Data shown:
Segment Open
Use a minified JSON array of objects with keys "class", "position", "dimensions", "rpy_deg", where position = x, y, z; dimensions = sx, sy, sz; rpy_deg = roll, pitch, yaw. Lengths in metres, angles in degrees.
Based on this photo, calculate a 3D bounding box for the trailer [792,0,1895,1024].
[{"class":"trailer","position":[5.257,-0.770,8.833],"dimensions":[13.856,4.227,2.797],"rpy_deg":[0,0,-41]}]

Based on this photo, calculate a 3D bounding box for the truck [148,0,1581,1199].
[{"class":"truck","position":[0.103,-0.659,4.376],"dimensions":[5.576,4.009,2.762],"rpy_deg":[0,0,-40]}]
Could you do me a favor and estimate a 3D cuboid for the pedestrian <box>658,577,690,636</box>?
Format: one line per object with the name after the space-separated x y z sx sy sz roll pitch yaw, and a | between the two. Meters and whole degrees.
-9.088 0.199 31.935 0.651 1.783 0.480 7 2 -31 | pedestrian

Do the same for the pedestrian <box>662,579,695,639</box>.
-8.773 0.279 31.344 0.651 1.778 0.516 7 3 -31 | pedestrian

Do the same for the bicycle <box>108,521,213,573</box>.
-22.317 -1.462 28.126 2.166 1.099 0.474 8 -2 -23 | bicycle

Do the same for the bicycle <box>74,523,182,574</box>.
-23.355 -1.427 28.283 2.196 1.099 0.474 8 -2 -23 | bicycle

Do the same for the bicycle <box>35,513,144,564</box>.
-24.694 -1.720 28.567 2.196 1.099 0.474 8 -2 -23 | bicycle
Segment Closed
What to work on: Copy out exactly the lines that begin at the one with "Could you do" and end at the close of the material above; nothing else belongs in the answer.

Response for this exercise:
Could you do me a favor and estimate a 3D cuboid for the pedestrian <box>658,577,690,636</box>?
Format: one line per object with the name after the space-separated x y z sx sy sz roll pitch yaw, and a | between the two. Meters and whole degrees.
-9.088 0.199 31.935 0.651 1.783 0.480 7 2 -31 | pedestrian

Do the same for the pedestrian <box>662,579,695,639</box>.
-8.773 0.279 31.344 0.651 1.778 0.516 7 3 -31 | pedestrian

Do the same for the bicycle <box>108,521,213,573</box>.
-22.317 -1.462 28.126 2.166 1.099 0.474 8 -2 -23 | bicycle

Do the same for the bicycle <box>74,523,182,574</box>.
-23.355 -1.427 28.283 2.196 1.099 0.474 8 -2 -23 | bicycle

Do the same for the bicycle <box>35,513,144,564</box>.
-24.694 -1.720 28.567 2.196 1.099 0.474 8 -2 -23 | bicycle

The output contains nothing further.